**WORK ORDER**
Print nothing except the lines of the listing below from the line with "4. sippy cup <box>382,261,498,377</box>" to the line with "10. sneaker <box>333,348,404,385</box>", each exactly as written, both ends included.
(EXERCISE DATA begins)
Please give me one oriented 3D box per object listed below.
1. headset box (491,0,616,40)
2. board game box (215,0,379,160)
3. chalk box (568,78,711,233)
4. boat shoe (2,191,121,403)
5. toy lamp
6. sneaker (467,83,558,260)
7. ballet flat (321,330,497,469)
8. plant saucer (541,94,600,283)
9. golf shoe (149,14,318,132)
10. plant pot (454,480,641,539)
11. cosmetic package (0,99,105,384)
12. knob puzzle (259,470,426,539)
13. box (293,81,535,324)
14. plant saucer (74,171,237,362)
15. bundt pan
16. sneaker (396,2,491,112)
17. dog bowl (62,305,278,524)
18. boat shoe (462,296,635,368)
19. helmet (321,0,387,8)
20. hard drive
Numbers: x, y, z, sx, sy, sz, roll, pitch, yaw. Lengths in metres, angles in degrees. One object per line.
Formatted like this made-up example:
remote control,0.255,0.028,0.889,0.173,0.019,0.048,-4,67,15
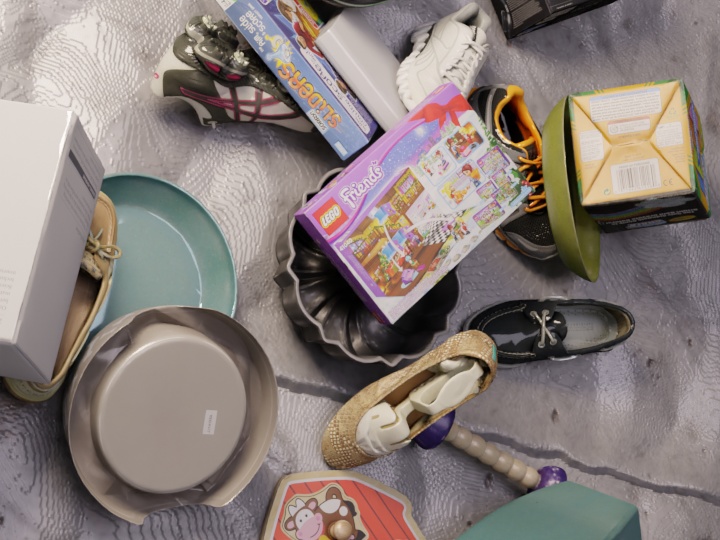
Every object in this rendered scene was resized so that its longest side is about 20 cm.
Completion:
headset box,0.211,-0.384,1.757,0.173,0.093,0.201,-24,91,-32
board game box,-0.054,-0.213,1.551,0.200,0.034,0.135,51,20,-9
chalk box,0.307,-0.116,1.703,0.200,0.124,0.125,26,58,-71
boat shoe,-0.251,0.017,1.370,0.073,0.063,0.202,21,69,-24
toy lamp,0.119,0.181,1.596,0.199,0.058,0.059,33,64,-20
sneaker,0.168,-0.107,1.679,0.078,0.077,0.201,-27,94,-34
ballet flat,0.048,0.128,1.507,0.200,0.065,0.071,-39,109,2
plant saucer,0.222,-0.085,1.675,0.200,0.031,0.202,-8,90,-74
golf shoe,-0.117,-0.177,1.536,0.199,0.088,0.078,26,32,-44
plant pot,0.184,0.304,1.536,0.200,0.141,0.142,-36,127,-36
cosmetic package,-0.337,-0.030,1.290,0.198,0.123,0.202,9,70,7
knob puzzle,-0.015,0.279,1.509,0.218,0.030,0.222,7,75,-28
box,0.054,-0.065,1.506,0.200,0.039,0.137,-42,102,-15
plant saucer,-0.210,0.011,1.453,0.199,0.036,0.202,7,76,-29
bundt pan,0.000,0.000,1.555,0.200,0.076,0.204,7,75,-28
sneaker,0.090,-0.209,1.608,0.075,0.081,0.201,46,33,-26
dog bowl,-0.174,0.124,1.402,0.199,0.059,0.202,-7,104,-29
boat shoe,0.202,0.060,1.669,0.199,0.060,0.076,-8,83,-32
helmet,-0.004,-0.359,1.571,0.190,0.200,0.201,29,66,-19
hard drive,0.033,-0.176,1.600,0.200,0.027,0.132,51,21,-13
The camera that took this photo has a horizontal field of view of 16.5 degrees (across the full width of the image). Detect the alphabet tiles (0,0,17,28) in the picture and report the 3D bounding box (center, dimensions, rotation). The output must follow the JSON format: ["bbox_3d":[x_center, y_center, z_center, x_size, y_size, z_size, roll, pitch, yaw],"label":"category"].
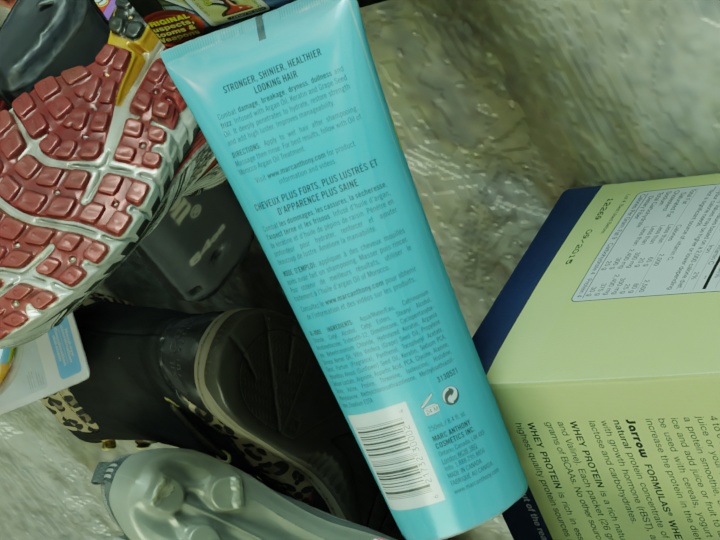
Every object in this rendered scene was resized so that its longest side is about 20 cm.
[{"bbox_3d":[-0.226,-0.137,0.999,0.195,0.015,0.200,35,142,-13],"label":"alphabet tiles"}]

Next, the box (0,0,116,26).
[{"bbox_3d":[-0.202,-0.114,1.059,0.137,0.039,0.200,37,142,-16],"label":"box"}]

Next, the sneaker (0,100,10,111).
[{"bbox_3d":[-0.187,-0.061,0.984,0.082,0.078,0.200,6,143,18],"label":"sneaker"}]

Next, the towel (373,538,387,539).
[{"bbox_3d":[0.091,0.165,0.947,0.199,0.030,0.147,12,150,11],"label":"towel"}]

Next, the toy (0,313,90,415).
[{"bbox_3d":[-0.211,0.022,1.175,0.200,0.047,0.116,-23,83,50],"label":"toy"}]

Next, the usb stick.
[{"bbox_3d":[-0.095,-0.049,1.026,0.033,0.056,0.200,23,163,29],"label":"usb stick"}]

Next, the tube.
[{"bbox_3d":[0.000,0.000,0.901,0.077,0.050,0.201,-20,101,14],"label":"tube"}]

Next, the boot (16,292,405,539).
[{"bbox_3d":[-0.059,0.071,1.175,0.150,0.073,0.200,8,159,38],"label":"boot"}]

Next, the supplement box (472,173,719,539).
[{"bbox_3d":[0.175,0.075,0.968,0.199,0.134,0.201,-5,124,35],"label":"supplement box"}]

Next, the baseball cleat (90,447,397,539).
[{"bbox_3d":[-0.032,0.135,1.137,0.200,0.070,0.106,37,168,-18],"label":"baseball cleat"}]

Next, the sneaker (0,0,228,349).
[{"bbox_3d":[-0.080,-0.045,0.949,0.078,0.200,0.082,35,167,29],"label":"sneaker"}]

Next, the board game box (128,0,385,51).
[{"bbox_3d":[0.008,-0.127,0.850,0.199,0.024,0.105,-14,153,14],"label":"board game box"}]
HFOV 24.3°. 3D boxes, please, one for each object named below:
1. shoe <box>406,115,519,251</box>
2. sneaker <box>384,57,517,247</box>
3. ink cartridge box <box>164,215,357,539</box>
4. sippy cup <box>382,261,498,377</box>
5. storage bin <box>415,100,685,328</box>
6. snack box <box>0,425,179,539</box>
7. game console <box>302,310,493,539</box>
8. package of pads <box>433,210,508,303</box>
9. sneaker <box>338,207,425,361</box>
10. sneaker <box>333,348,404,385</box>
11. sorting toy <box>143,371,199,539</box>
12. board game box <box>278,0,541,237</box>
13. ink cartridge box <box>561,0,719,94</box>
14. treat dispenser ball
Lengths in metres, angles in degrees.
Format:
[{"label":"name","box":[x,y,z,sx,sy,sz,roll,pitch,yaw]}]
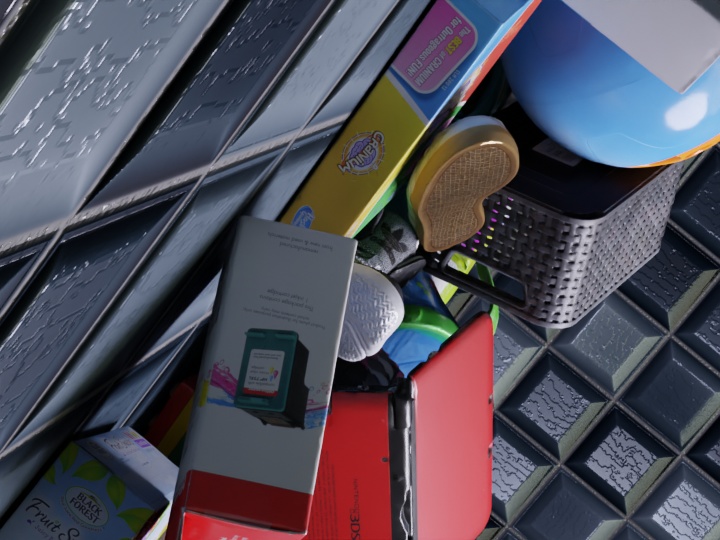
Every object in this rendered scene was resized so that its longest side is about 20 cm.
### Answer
[{"label":"shoe","box":[0.058,-0.065,1.101,0.070,0.054,0.200,-18,166,-9]},{"label":"sneaker","box":[0.051,-0.101,1.278,0.201,0.077,0.080,-58,164,-16]},{"label":"ink cartridge box","box":[-0.058,0.086,0.896,0.116,0.067,0.201,122,-21,-71]},{"label":"sippy cup","box":[0.008,0.034,1.317,0.140,0.177,0.131,123,-33,-42]},{"label":"storage bin","box":[0.146,-0.053,1.265,0.200,0.135,0.094,-32,141,-51]},{"label":"snack box","box":[-0.188,0.189,0.971,0.200,0.068,0.169,-50,176,-1]},{"label":"game console","box":[0.008,0.137,1.195,0.119,0.171,0.201,-81,170,-58]},{"label":"package of pads","box":[0.063,-0.006,1.533,0.155,0.068,0.200,-50,177,-43]},{"label":"sneaker","box":[0.000,0.000,1.131,0.114,0.076,0.200,-40,-169,-21]},{"label":"sneaker","box":[-0.004,0.125,1.262,0.086,0.201,0.080,10,-132,45]},{"label":"sorting toy","box":[-0.145,0.156,1.226,0.200,0.069,0.199,-50,177,-24]},{"label":"board game box","box":[0.037,-0.109,1.059,0.200,0.040,0.153,-53,177,29]},{"label":"ink cartridge box","box":[0.195,-0.233,0.927,0.200,0.146,0.146,-52,177,-5]},{"label":"treat dispenser ball","box":[0.198,-0.174,1.195,0.201,0.201,0.201,-51,177,-3]}]
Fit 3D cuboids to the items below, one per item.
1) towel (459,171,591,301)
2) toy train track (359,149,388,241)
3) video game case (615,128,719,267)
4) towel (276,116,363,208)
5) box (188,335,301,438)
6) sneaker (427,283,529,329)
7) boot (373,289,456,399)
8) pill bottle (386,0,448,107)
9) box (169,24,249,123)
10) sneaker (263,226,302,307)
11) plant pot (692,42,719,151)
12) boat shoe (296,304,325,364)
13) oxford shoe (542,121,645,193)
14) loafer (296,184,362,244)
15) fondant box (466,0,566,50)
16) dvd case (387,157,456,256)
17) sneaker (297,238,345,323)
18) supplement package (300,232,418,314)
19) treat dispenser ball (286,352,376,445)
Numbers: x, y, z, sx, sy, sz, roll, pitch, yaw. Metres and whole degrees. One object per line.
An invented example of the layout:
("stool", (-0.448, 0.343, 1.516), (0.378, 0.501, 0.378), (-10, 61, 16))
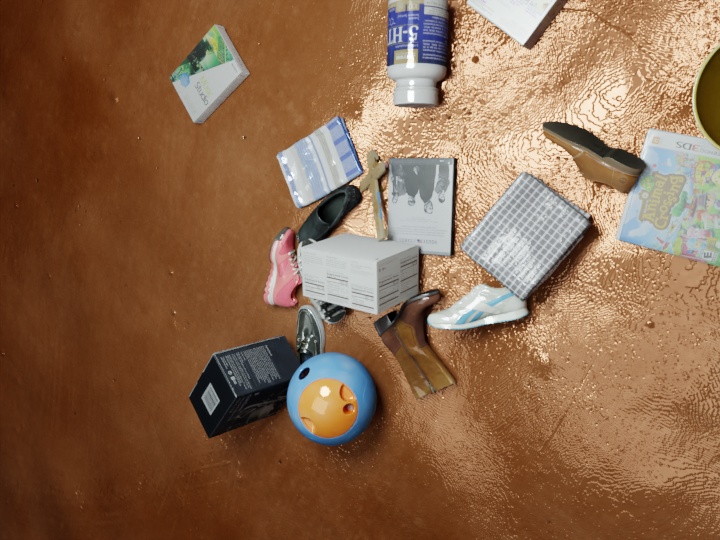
(EXERCISE DATA ends)
**YOUR RESPONSE**
4. sippy cup <box>382,261,498,377</box>
5. storage bin <box>415,100,685,328</box>
6. snack box <box>0,425,179,539</box>
7. game console <box>302,310,493,539</box>
8. package of pads <box>433,210,508,303</box>
9. sneaker <box>338,207,425,361</box>
10. sneaker <box>333,348,404,385</box>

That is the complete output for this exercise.